Lees-McRae is first college to become Unity Blaze certified with Black Folks Camp Too

Lees-McRae has taken an important step toward promoting racial inclusivity in the outdoor industry by getting 100% of Outdoor Recreation Management students Unity Blaze certified through a partnership with Black Folks Camp Too.

The Brevard, North Carolina-based company was founded by Earl B. Hunter Jr. to address a growing problem he saw in the outdoor recreation industry. In his experience working with outdoor companies, he saw very little attempt to reach out to potential customers of color, particularly Black customers.

“The outdoor industry, which is a $1.1 trillion industry, is going to fail because they don’t understand data.
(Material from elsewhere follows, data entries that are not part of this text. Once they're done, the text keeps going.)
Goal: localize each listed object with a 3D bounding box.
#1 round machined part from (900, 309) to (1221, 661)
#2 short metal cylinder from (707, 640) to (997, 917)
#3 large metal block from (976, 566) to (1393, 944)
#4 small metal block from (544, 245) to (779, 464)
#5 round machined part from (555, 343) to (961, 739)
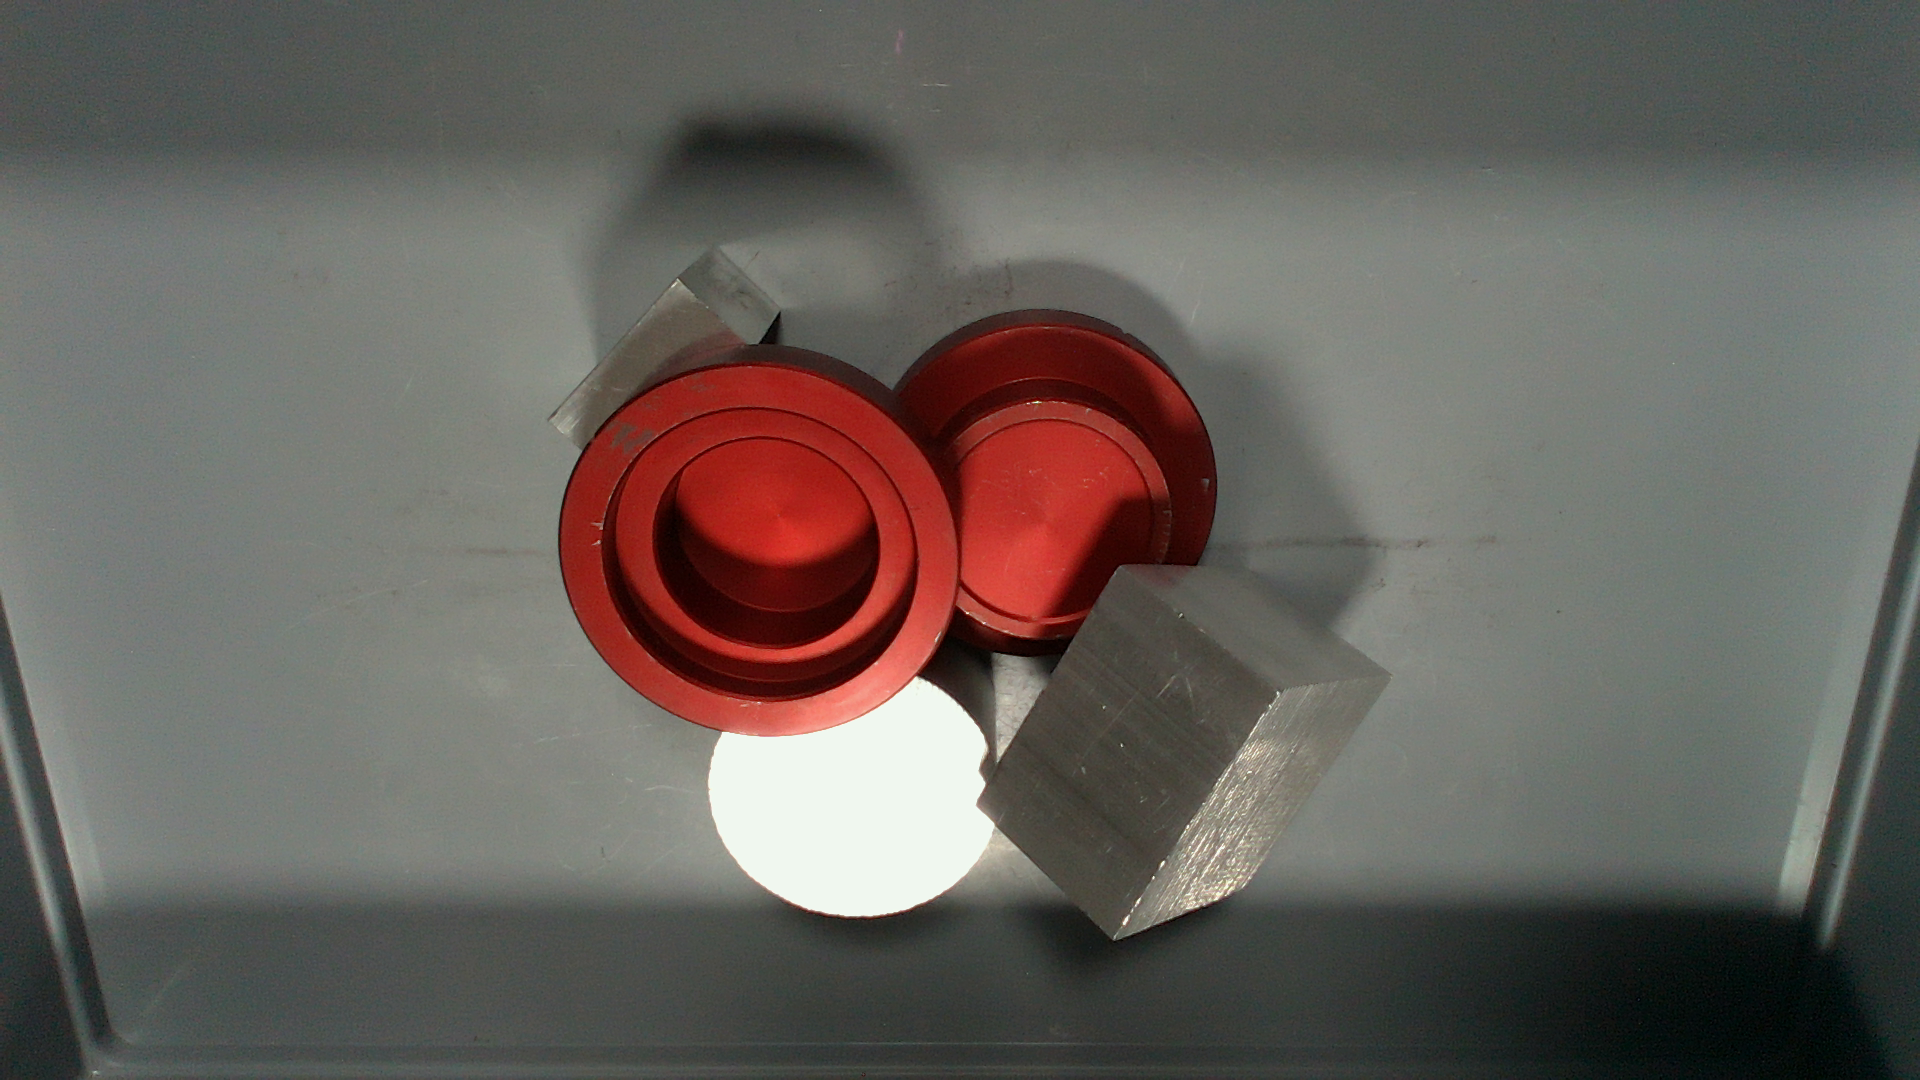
[{"bbox_3d":[0.023,-0.011,0.378,0.098,0.042,0.098,0,110,0],"label":"round machined part"},{"bbox_3d":[-0.029,0.061,0.402,0.080,0.050,0.080,0,110,0],"label":"short metal cylinder"},{"bbox_3d":[0.063,0.055,0.377,0.050,0.080,0.080,40,110,30],"label":"large metal block"},{"bbox_3d":[-0.077,-0.047,0.361,0.025,0.050,0.050,42,105,-14],"label":"small metal block"},{"bbox_3d":[-0.049,-0.002,0.351,0.098,0.042,0.098,0,110,0],"label":"round machined part"}]

The data they don’t understand is that the minorities in this country, in the next 10 or 15 years are going to be the majority,” Hunter said during his presentation at Lees-McRae. “Well guess what the minorities in this country don’t do? They don’t go in the outdoors.”
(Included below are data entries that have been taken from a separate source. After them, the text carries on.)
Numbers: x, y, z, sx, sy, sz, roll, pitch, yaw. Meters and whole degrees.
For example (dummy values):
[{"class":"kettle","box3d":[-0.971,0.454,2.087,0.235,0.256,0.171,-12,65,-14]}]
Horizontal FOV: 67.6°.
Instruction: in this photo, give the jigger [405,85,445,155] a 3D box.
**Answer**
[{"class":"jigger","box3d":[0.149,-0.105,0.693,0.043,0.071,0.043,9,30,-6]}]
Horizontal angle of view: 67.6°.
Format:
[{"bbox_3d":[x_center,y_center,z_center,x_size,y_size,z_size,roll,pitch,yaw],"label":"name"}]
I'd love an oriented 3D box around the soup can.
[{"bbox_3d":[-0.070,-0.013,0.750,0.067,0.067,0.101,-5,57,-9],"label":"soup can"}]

According to an Outdoor Participation Trends Report by the Outdoor Foundation, 71% of outdoor recreation participants in 2022 were white, despite comprising 59% of the total population. If the demographic makeup of the participant base remains steady, the percentage of the total population that participates in outdoor recreation could drop from 54% to 40% by 2060. As Hunter points out in his presentation, that loss of participation has ramifications beyond the economic health of the industry: if the majority of Americans don’t spend time in outdoor spaces, they won’t understand their value, and so won’t care about protecting and preserving them for future generations.
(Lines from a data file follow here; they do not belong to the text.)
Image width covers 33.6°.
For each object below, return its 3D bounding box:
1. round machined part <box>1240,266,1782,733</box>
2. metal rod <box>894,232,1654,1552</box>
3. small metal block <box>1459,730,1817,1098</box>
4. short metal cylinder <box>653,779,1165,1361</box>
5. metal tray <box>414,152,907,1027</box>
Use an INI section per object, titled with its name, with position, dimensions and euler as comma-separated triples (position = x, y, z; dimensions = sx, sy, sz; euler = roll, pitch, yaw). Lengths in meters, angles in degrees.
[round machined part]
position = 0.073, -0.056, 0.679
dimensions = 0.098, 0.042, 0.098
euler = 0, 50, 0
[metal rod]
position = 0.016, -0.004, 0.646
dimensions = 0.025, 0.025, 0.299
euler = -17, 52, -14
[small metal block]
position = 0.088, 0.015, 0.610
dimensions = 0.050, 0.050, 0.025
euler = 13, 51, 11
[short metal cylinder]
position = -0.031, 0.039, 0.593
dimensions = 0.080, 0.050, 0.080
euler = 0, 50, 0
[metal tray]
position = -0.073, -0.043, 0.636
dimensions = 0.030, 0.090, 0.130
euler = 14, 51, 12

“When we’re talking about how people spend their money, how people vote, if the folks that have the power and the money are the majority of this country, and if they don’t care about the parks and they don’t care about the outdoors, these places that we love, that we use as our classrooms, will be gone,” Associate Professor of Outdoor Recreation Management Katie Wall said.

Hunter presented at Lees-McRae as part of the High Country Adventure Film and Speaker Series, which is sponsored by the Outdoor Recreation Management program. Wall had been aware of Hunter’s work for some time, and after earning the Unity Blaze certification herself, knew that this was something that would benefit students who are planning to pursue careers in the outdoor industry.

“Our outdoor industry is predominantly white and male, so he debunks a lot of the myths about why Black people aren’t in the outdoors and helps us understand how we can increase their engagement and how we can take a very active role in that, and also how we can change the industry,” Wall said.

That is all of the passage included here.